**What the exercise asks:**
Everything in the entries below except the pictures must be returned exactly.

**Records for the exercise:**
<<<<

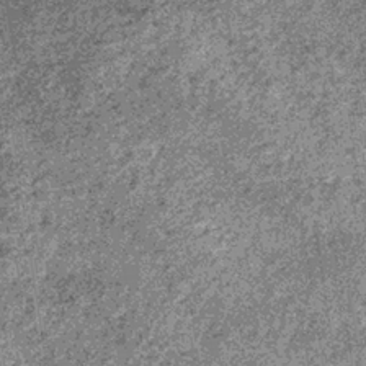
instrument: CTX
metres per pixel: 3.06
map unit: lHb
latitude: -36.1983
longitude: 67.5211
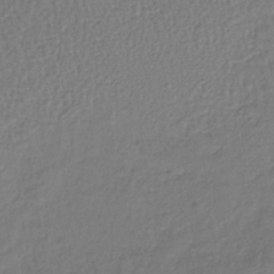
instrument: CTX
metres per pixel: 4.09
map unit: lHb
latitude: -38.7274
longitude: 61.9178
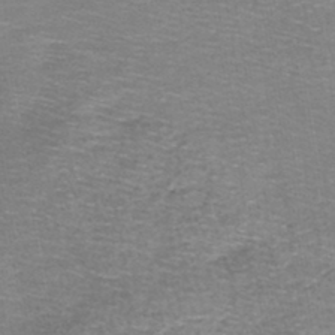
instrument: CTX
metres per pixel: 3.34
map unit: lHb
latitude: -43.7855
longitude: 54.1606
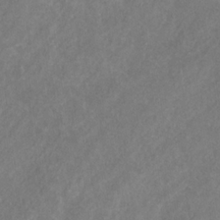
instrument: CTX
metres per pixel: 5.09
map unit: eHb
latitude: -31.1809
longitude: 70.3684
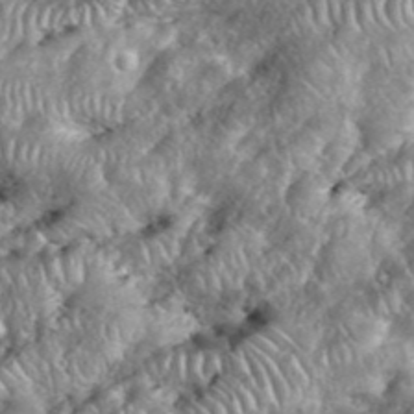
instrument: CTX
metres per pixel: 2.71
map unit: eHh
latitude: 38.9514
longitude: -56.6112
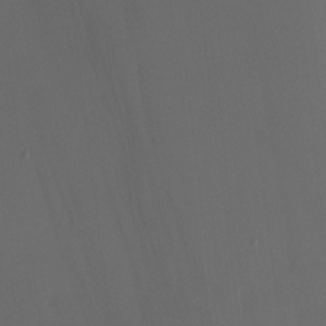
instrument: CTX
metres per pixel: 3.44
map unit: Ht
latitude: -10.7274
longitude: -28.6112
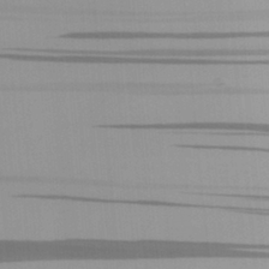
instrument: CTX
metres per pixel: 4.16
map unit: Aa
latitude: 27.7261
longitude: -131.8584
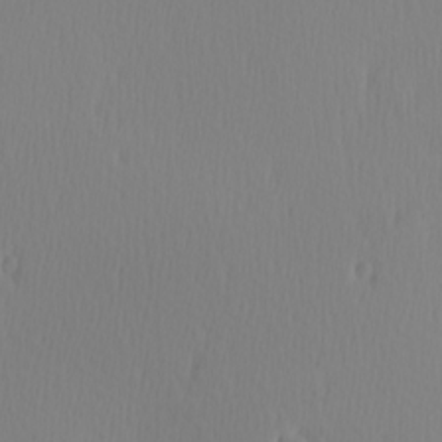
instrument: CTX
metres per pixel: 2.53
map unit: Hve
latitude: 13.0081
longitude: -91.0836
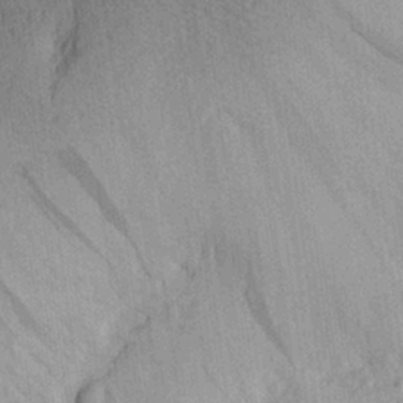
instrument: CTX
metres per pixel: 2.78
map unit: Aa
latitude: 25.5371
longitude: -145.0269
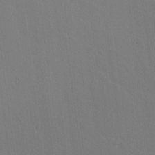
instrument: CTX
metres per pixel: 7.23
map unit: lAvf
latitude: 15.7261
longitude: -126.8569
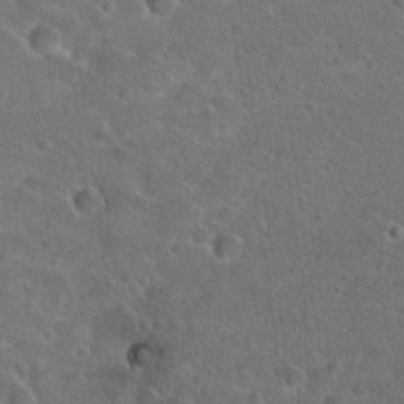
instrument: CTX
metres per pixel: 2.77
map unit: Hto
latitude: 22.4034
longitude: -45.8583
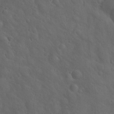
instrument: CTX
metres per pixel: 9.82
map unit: Hto
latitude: 18.1389
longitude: -53.3860
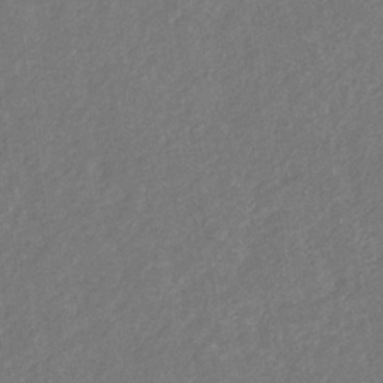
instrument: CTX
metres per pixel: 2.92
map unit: eHb
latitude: -31.2376
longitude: 70.0661
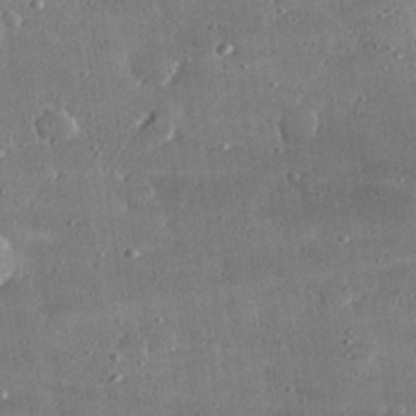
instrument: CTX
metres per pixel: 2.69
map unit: lHvf
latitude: 31.2348
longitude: -89.8206
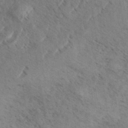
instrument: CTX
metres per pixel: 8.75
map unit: eHh
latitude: 36.8569
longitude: -138.4412
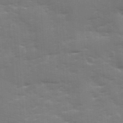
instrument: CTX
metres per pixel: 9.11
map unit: Ave
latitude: 12.1200
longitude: -102.4601
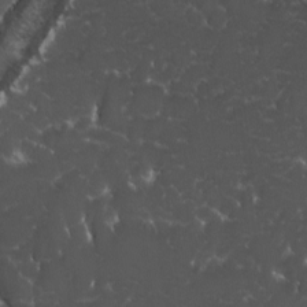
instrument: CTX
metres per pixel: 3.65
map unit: Ave
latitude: -10.1606
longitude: -116.8380
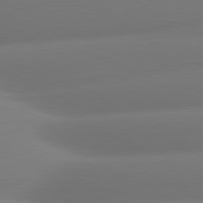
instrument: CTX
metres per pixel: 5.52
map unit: lApd
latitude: 80.7624
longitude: -160.2333
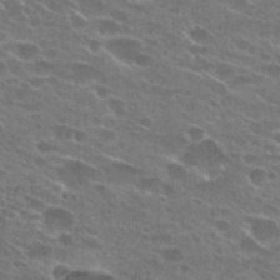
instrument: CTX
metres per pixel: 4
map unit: Hto
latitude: 25.0269
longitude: -43.7828
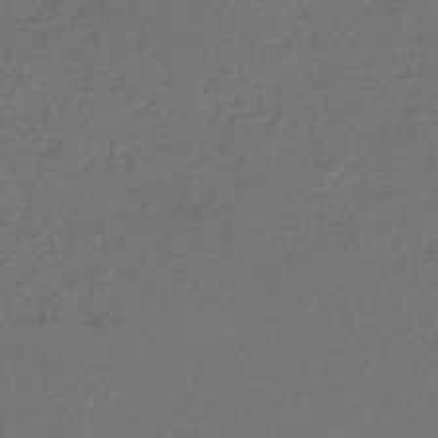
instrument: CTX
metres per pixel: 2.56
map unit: lHb
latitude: -43.9367
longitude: 68.5195
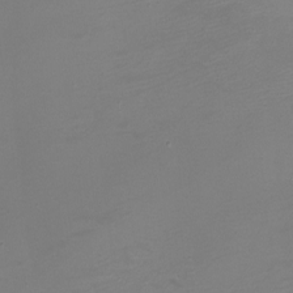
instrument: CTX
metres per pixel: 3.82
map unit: eHh
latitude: -4.6896
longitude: -78.6869
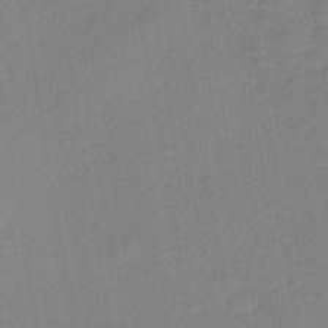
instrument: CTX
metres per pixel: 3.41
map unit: lHb
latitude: -40.9353
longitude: 67.7100
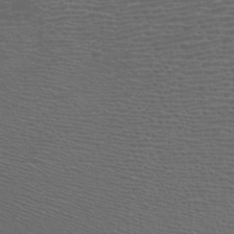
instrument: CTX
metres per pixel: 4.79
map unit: Nhu
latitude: -7.6533
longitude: -91.8016
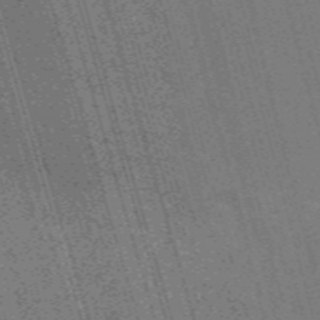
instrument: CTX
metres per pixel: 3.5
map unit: Nve
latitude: -59.5777
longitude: 62.4818
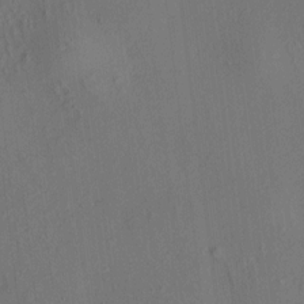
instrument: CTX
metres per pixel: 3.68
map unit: HNhu
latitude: 7.5371
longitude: 14.6519
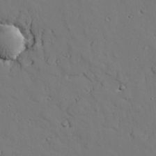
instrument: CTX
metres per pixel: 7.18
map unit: lAvf
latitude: 26.4034
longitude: -110.7058
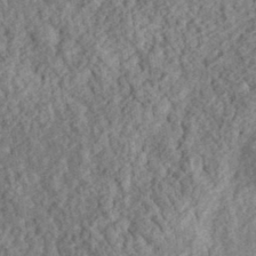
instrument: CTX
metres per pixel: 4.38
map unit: eHh
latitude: 35.7260
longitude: -79.0270
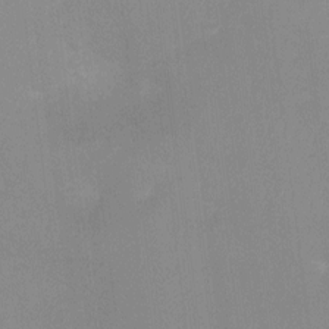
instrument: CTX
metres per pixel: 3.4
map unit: Ht
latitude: -1.1432
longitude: -20.3279
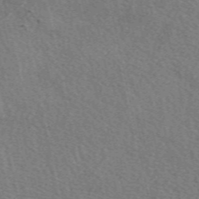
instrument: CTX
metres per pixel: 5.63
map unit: eAb
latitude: 50.4034
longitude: 116.6518
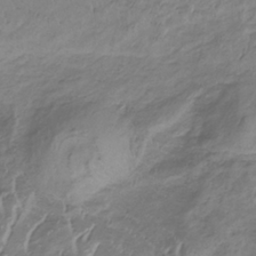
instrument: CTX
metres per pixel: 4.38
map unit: lHb
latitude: -34.0661
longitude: 67.7855
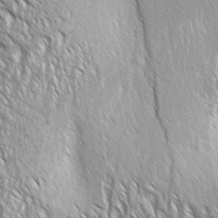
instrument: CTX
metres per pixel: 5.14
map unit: Aa
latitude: 8.1200
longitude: -132.4601
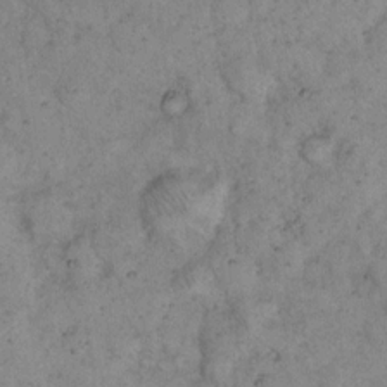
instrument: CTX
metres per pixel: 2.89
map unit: eHh
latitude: 15.9717
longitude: -63.7639
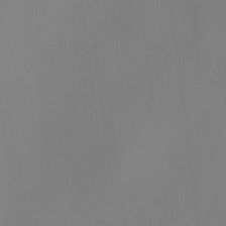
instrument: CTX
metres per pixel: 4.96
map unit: HNhu
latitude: 10.5735
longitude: 22.7086
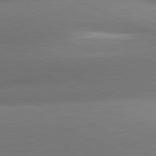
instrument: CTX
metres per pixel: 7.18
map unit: lApd
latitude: 81.1592
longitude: 133.7667
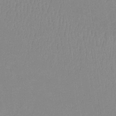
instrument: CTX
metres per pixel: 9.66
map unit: lHb
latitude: -34.5763
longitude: 70.0472
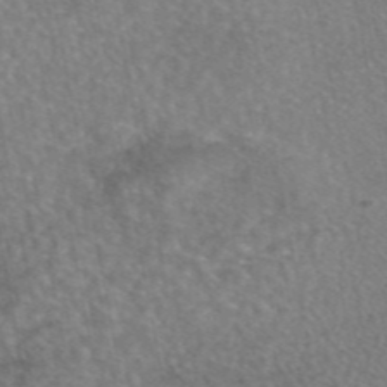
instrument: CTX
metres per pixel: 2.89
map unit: eAb
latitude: 45.3670
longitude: 108.1606
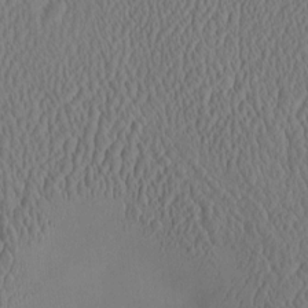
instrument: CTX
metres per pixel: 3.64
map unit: eHh
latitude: -3.3320
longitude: 16.7464
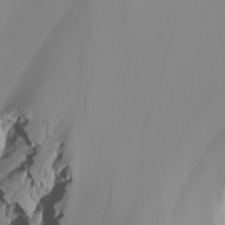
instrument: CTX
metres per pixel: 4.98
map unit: Nhu
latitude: -5.2942
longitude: -94.3090
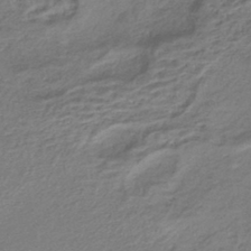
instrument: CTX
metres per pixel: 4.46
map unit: HNhu
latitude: -43.4454
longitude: 103.5399
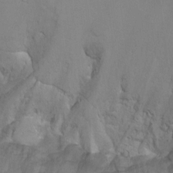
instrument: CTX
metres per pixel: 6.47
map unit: Ht
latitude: -8.6518
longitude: -36.8569
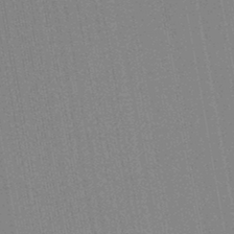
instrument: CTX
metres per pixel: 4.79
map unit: lHb
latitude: -44.5763
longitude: 74.6330
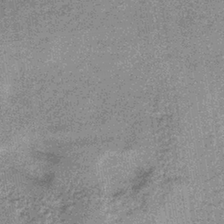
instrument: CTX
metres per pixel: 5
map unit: lHb
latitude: -37.4454
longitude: 65.4266
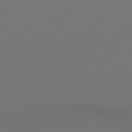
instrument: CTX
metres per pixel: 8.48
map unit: Hpe
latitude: 77.0458
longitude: -132.9514
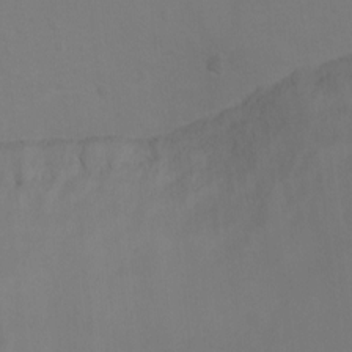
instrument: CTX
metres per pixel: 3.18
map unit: Ht
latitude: 3.1025
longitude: -28.6301
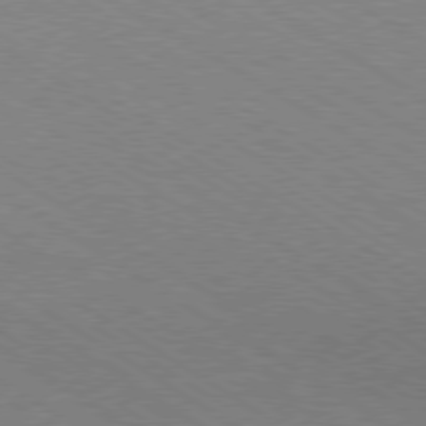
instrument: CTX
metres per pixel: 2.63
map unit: Hpe
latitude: -80.3495
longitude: 18.8030
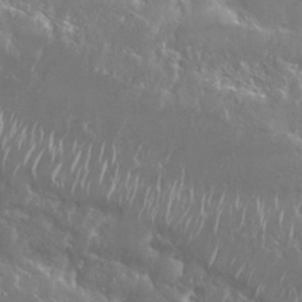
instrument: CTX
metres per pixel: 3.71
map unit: Nhu
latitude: 25.5371
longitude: -59.8772
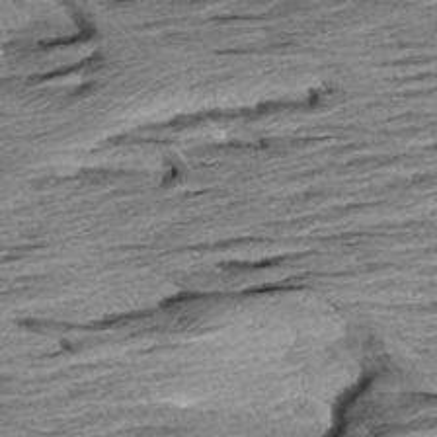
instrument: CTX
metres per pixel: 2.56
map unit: Aa
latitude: 8.4412
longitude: -137.2726
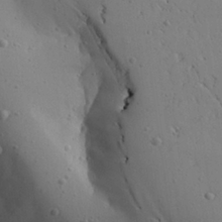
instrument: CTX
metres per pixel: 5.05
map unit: Aa
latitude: 27.2348
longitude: -128.2711
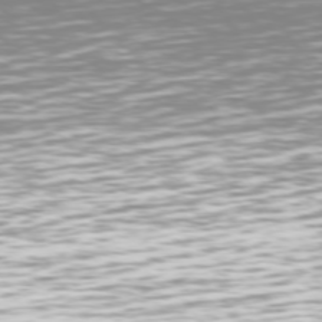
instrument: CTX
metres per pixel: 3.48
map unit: Hpe
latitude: 72.9325
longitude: -122.8569
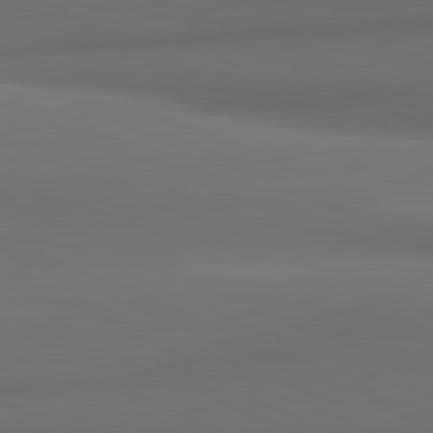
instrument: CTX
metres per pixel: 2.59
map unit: lApd
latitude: 81.7827
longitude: 171.5399
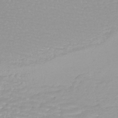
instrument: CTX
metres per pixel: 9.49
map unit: HNhu
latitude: -48.3118
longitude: 98.6329
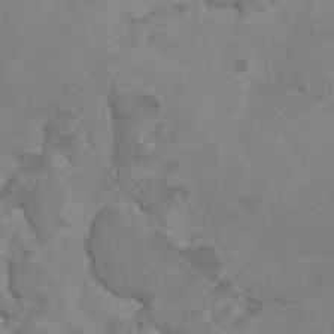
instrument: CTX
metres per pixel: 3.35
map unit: HNhu
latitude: 3.3104
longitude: -1.7638
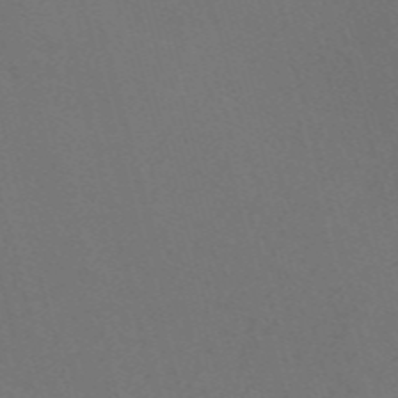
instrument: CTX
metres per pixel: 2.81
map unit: Nve
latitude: -57.9178
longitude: 52.1227
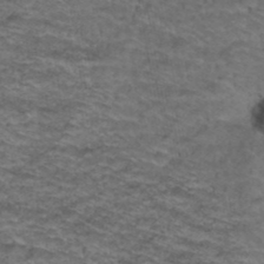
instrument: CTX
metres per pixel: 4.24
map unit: Hto
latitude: 38.5168
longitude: -42.7057
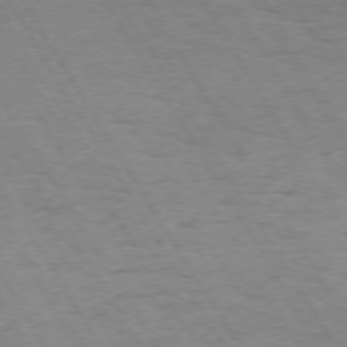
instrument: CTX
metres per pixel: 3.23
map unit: Hpe
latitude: 73.2537
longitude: -143.1592
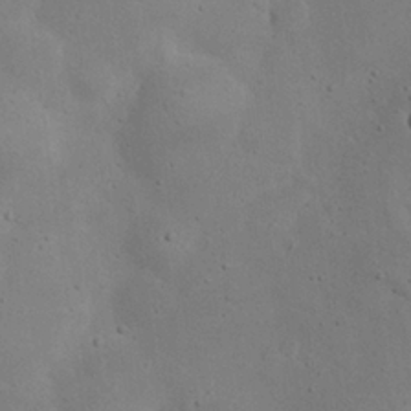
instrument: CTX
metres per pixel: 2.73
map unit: eHh
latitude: 24.5167
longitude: -72.2334
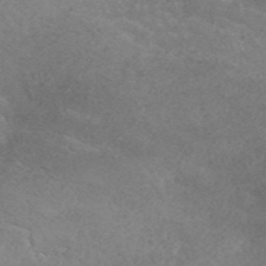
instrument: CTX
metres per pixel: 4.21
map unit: ANa
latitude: 42.7624
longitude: 27.5210
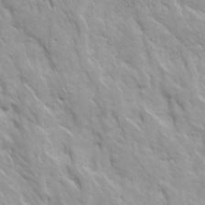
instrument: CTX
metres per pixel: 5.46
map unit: Ave
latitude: 16.2712
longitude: -131.6883
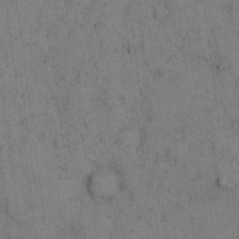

>>>>

**Exercise output:**
instrument: CTX
metres per pixel: 3.06
map unit: lHb
latitude: -36.1983
longitude: 67.5211
instrument: CTX
metres per pixel: 4.09
map unit: lHb
latitude: -38.7274
longitude: 61.9178
instrument: CTX
metres per pixel: 3.34
map unit: lHb
latitude: -43.7855
longitude: 54.1606
instrument: CTX
metres per pixel: 5.09
map unit: eHb
latitude: -31.1809
longitude: 70.3684
instrument: CTX
metres per pixel: 2.71
map unit: eHh
latitude: 38.9514
longitude: -56.6112
instrument: CTX
metres per pixel: 3.44
map unit: Ht
latitude: -10.7274
longitude: -28.6112
instrument: CTX
metres per pixel: 4.16
map unit: Aa
latitude: 27.7261
longitude: -131.8584
instrument: CTX
metres per pixel: 2.53
map unit: Hve
latitude: 13.0081
longitude: -91.0836
instrument: CTX
metres per pixel: 2.78
map unit: Aa
latitude: 25.5371
longitude: -145.0269
instrument: CTX
metres per pixel: 7.23
map unit: lAvf
latitude: 15.7261
longitude: -126.8569
instrument: CTX
metres per pixel: 2.77
map unit: Hto
latitude: 22.4034
longitude: -45.8583
instrument: CTX
metres per pixel: 9.82
map unit: Hto
latitude: 18.1389
longitude: -53.3860
instrument: CTX
metres per pixel: 2.92
map unit: eHb
latitude: -31.2376
longitude: 70.0661
instrument: CTX
metres per pixel: 2.69
map unit: lHvf
latitude: 31.2348
longitude: -89.8206
instrument: CTX
metres per pixel: 8.75
map unit: eHh
latitude: 36.8569
longitude: -138.4412
instrument: CTX
metres per pixel: 9.11
map unit: Ave
latitude: 12.1200
longitude: -102.4601
instrument: CTX
metres per pixel: 3.65
map unit: Ave
latitude: -10.1606
longitude: -116.8380
instrument: CTX
metres per pixel: 5.52
map unit: lApd
latitude: 80.7624
longitude: -160.2333
instrument: CTX
metres per pixel: 4
map unit: Hto
latitude: 25.0269
longitude: -43.7828
instrument: CTX
metres per pixel: 2.56
map unit: lHb
latitude: -43.9367
longitude: 68.5195
instrument: CTX
metres per pixel: 3.82
map unit: eHh
latitude: -4.6896
longitude: -78.6869
instrument: CTX
metres per pixel: 3.41
map unit: lHb
latitude: -40.9353
longitude: 67.7100
instrument: CTX
metres per pixel: 4.79
map unit: Nhu
latitude: -7.6533
longitude: -91.8016
instrument: CTX
metres per pixel: 3.5
map unit: Nve
latitude: -59.5777
longitude: 62.4818
instrument: CTX
metres per pixel: 3.68
map unit: HNhu
latitude: 7.5371
longitude: 14.6519
instrument: CTX
metres per pixel: 7.18
map unit: lAvf
latitude: 26.4034
longitude: -110.7058
instrument: CTX
metres per pixel: 4.38
map unit: eHh
latitude: 35.7260
longitude: -79.0270
instrument: CTX
metres per pixel: 3.4
map unit: Ht
latitude: -1.1432
longitude: -20.3279
instrument: CTX
metres per pixel: 5.63
map unit: eAb
latitude: 50.4034
longitude: 116.6518
instrument: CTX
metres per pixel: 4.38
map unit: lHb
latitude: -34.0661
longitude: 67.7855
instrument: CTX
metres per pixel: 5.14
map unit: Aa
latitude: 8.1200
longitude: -132.4601
instrument: CTX
metres per pixel: 2.89
map unit: eHh
latitude: 15.9717
longitude: -63.7639
instrument: CTX
metres per pixel: 4.96
map unit: HNhu
latitude: 10.5735
longitude: 22.7086
instrument: CTX
metres per pixel: 7.18
map unit: lApd
latitude: 81.1592
longitude: 133.7667
instrument: CTX
metres per pixel: 9.66
map unit: lHb
latitude: -34.5763
longitude: 70.0472
instrument: CTX
metres per pixel: 2.89
map unit: eAb
latitude: 45.3670
longitude: 108.1606
instrument: CTX
metres per pixel: 3.64
map unit: eHh
latitude: -3.3320
longitude: 16.7464
instrument: CTX
metres per pixel: 4.98
map unit: Nhu
latitude: -5.2942
longitude: -94.3090
instrument: CTX
metres per pixel: 4.46
map unit: HNhu
latitude: -43.4454
longitude: 103.5399
instrument: CTX
metres per pixel: 6.47
map unit: Ht
latitude: -8.6518
longitude: -36.8569
instrument: CTX
metres per pixel: 4.79
map unit: lHb
latitude: -44.5763
longitude: 74.6330
instrument: CTX
metres per pixel: 5
map unit: lHb
latitude: -37.4454
longitude: 65.4266
instrument: CTX
metres per pixel: 8.48
map unit: Hpe
latitude: 77.0458
longitude: -132.9514
instrument: CTX
metres per pixel: 3.18
map unit: Ht
latitude: 3.1025
longitude: -28.6301
instrument: CTX
metres per pixel: 2.63
map unit: Hpe
latitude: -80.3495
longitude: 18.8030
instrument: CTX
metres per pixel: 3.71
map unit: Nhu
latitude: 25.5371
longitude: -59.8772
instrument: CTX
metres per pixel: 2.56
map unit: Aa
latitude: 8.4412
longitude: -137.2726
instrument: CTX
metres per pixel: 5.05
map unit: Aa
latitude: 27.2348
longitude: -128.2711
instrument: CTX
metres per pixel: 3.48
map unit: Hpe
latitude: 72.9325
longitude: -122.8569
instrument: CTX
metres per pixel: 2.59
map unit: lApd
latitude: 81.7827
longitude: 171.5399
instrument: CTX
metres per pixel: 9.49
map unit: HNhu
latitude: -48.3118
longitude: 98.6329
instrument: CTX
metres per pixel: 3.35
map unit: HNhu
latitude: 3.3104
longitude: -1.7638
instrument: CTX
metres per pixel: 2.81
map unit: Nve
latitude: -57.9178
longitude: 52.1227
instrument: CTX
metres per pixel: 4.24
map unit: Hto
latitude: 38.5168
longitude: -42.7057
instrument: CTX
metres per pixel: 3.23
map unit: Hpe
latitude: 73.2537
longitude: -143.1592
instrument: CTX
metres per pixel: 2.73
map unit: eHh
latitude: 24.5167
longitude: -72.2334
instrument: CTX
metres per pixel: 4.21
map unit: ANa
latitude: 42.7624
longitude: 27.5210
instrument: CTX
metres per pixel: 5.46
map unit: Ave
latitude: 16.2712
longitude: -131.6883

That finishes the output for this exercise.